Peruvian President Ollanta Humala will arrive on Sunday for a three-day visit, amid increased Israeli interest in improving political and economic ties with pro-American Latin American countries.
Humala’s Middle East tour also includes visits to Qatar and the Palestinian Authority.
He is scheduled to meet with Prime Minister Binyamin Netanyahu on Monday.
Netanyahu announced last week his intention to make a rare visit by a sitting Israeli prime minister to Latin America in the coming months, to Mexico and Colombia.
Netanyahu’s announcement came soon after the Pacific Alliance, a Latin American free-trade bloc that includes Mexico, Colombia, Peru, Chile and Costa Rico, granted Israel observer status.
Grouped together, these countries have the eighth-largest economy in the world.
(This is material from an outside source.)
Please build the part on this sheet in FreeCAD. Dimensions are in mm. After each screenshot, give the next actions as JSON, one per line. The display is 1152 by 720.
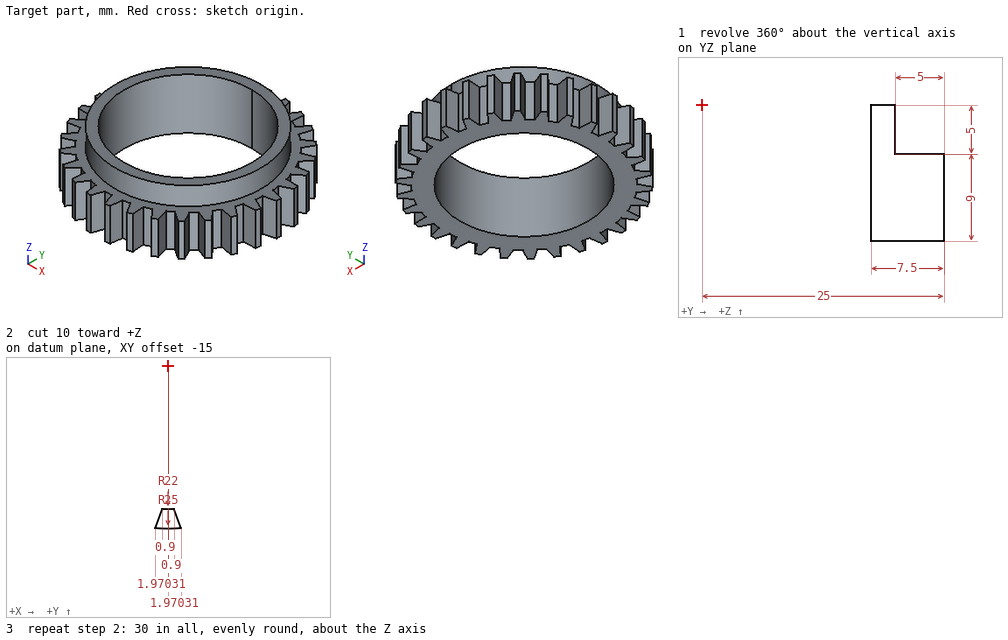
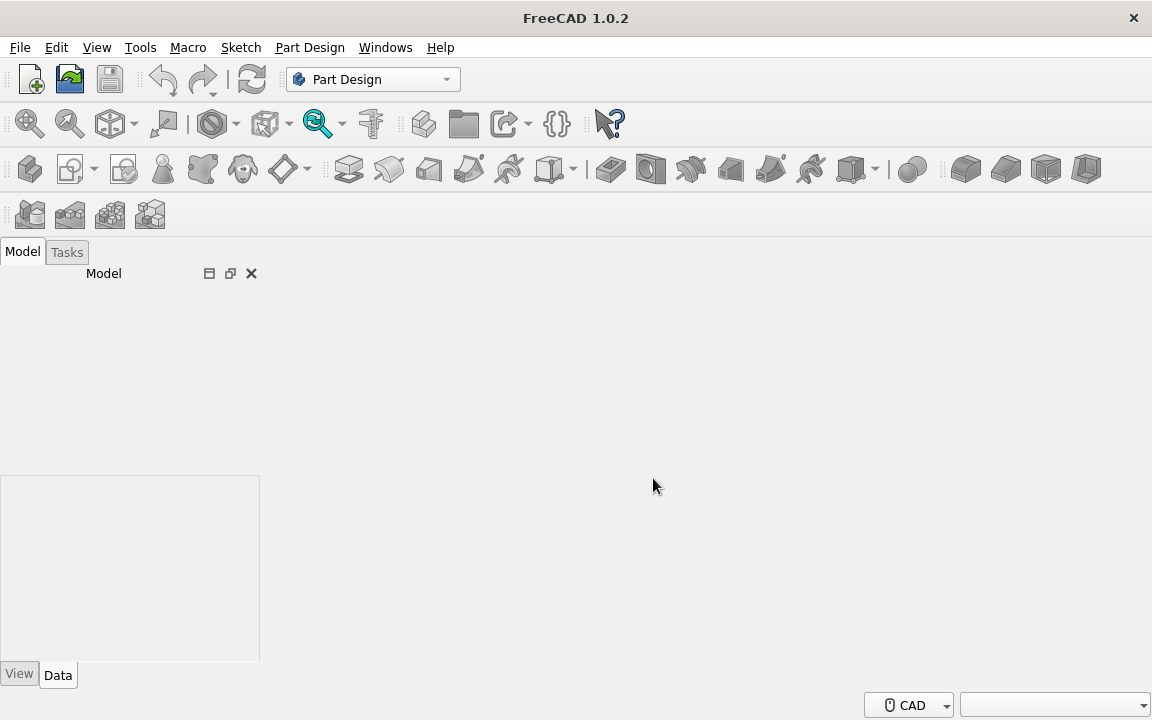
{"action": "left_click", "coordinate": [30, 80]}

Israel is the first Middle East country to be granted observer status in this group, and as such it will be invited to take part in its staff work attend its conferences, which will facilitate the advancement of cooperation with its member states. Observer status is the first step in expanding relations with a group whose combined economies amount to some $2 trillion, outpacing India’s.
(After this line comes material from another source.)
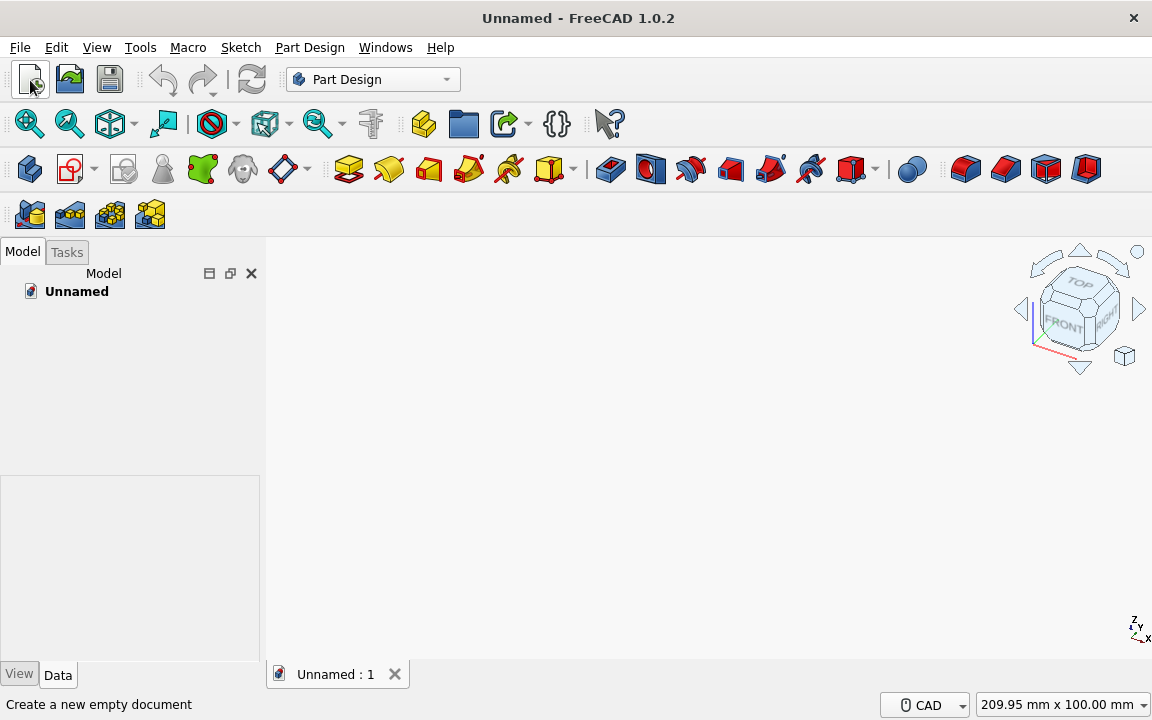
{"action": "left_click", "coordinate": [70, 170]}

Netanyahu met last month in Davos with Mexican President Enrique Pena Nieto and Panamanian President Ricardo Martinelli. In June, he met with Colombian President Juan Manuel Santos in Jerusalem.
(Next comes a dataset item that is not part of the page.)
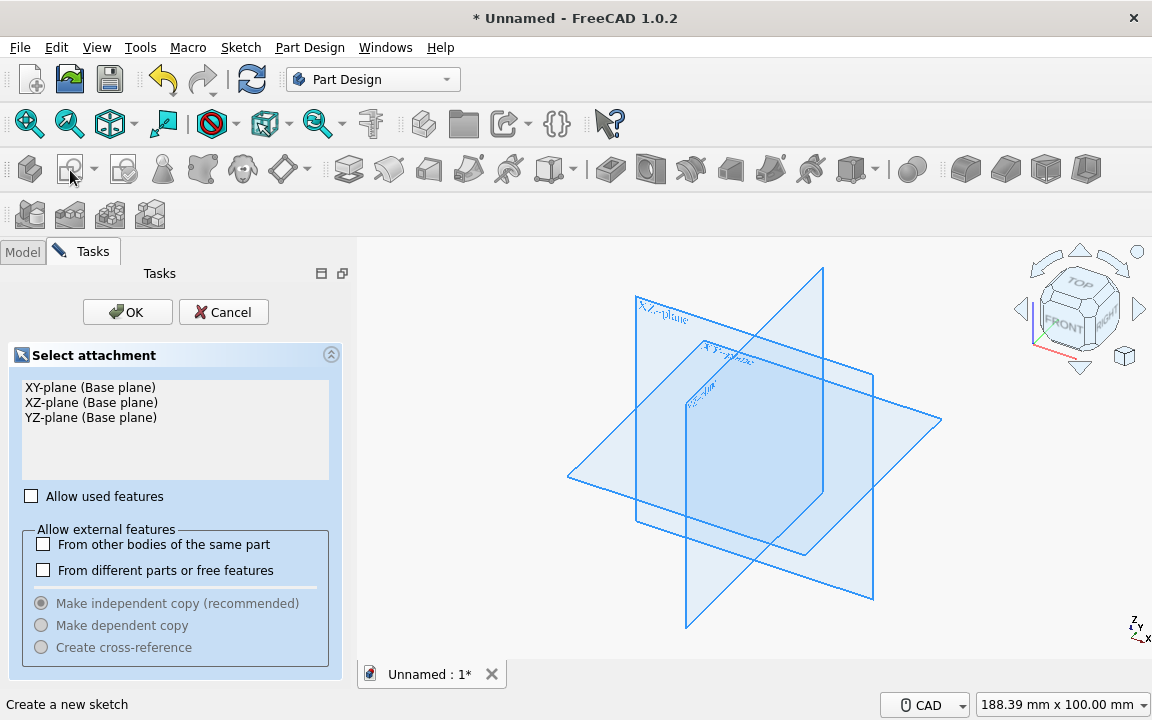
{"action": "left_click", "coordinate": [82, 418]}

Panama is expected to join the Pacific Alliance soon.
Netanyahu has made clear that just as he is interested in expanding economic ties with China, he sees great potential in expanding trade relations with Latin America.
These efforts are part of a policy of expanding and diversifying Israeli markets and avoiding dependence on one market – for example, Europe.
The Pacific Alliance countries are also important as a wedge in Latin America against Iranian influence in such countries as Cuba, Venezuela, Nicaragua and Bolivia.